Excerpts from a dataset

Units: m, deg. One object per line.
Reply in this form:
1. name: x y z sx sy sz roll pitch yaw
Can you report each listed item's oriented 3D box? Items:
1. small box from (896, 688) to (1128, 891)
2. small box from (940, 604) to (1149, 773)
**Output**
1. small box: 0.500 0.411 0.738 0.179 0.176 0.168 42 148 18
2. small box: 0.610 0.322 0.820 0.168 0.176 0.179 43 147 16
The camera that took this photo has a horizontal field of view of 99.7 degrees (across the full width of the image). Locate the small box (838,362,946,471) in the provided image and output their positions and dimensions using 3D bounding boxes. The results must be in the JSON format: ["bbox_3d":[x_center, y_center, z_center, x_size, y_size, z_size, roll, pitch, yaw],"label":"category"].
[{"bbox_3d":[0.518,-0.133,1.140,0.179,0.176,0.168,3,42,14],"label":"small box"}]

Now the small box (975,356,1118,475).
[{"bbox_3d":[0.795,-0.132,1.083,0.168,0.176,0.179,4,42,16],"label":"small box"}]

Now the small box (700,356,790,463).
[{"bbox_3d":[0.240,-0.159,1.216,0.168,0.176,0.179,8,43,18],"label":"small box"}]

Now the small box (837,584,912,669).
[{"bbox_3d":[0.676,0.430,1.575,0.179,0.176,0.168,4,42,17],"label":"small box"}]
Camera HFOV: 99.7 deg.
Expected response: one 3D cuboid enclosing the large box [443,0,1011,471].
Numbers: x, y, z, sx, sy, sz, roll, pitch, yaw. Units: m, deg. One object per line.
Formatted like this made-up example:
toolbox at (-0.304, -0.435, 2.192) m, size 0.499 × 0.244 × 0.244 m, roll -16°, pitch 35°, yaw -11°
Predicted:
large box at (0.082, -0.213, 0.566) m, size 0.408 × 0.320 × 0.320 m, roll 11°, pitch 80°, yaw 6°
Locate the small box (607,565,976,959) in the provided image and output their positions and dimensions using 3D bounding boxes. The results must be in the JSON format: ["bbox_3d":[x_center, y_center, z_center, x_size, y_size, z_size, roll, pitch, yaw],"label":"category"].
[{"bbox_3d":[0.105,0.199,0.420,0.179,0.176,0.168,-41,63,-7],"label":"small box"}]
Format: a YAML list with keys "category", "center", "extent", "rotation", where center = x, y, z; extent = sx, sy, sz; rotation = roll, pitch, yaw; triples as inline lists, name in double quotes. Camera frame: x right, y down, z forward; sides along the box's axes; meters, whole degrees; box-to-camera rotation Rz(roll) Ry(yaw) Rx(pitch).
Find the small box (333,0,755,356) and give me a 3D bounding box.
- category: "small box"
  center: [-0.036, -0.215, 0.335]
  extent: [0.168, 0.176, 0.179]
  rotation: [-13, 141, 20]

▸ The task: Among the lines above, please find those with "object" and copy them.

▸ Exercise solution:
Units: m, deg. One object per line.
Numbers: x, y, z, sx, sy, sz, roll, pitch, yaw. Units: m, deg. One object per line.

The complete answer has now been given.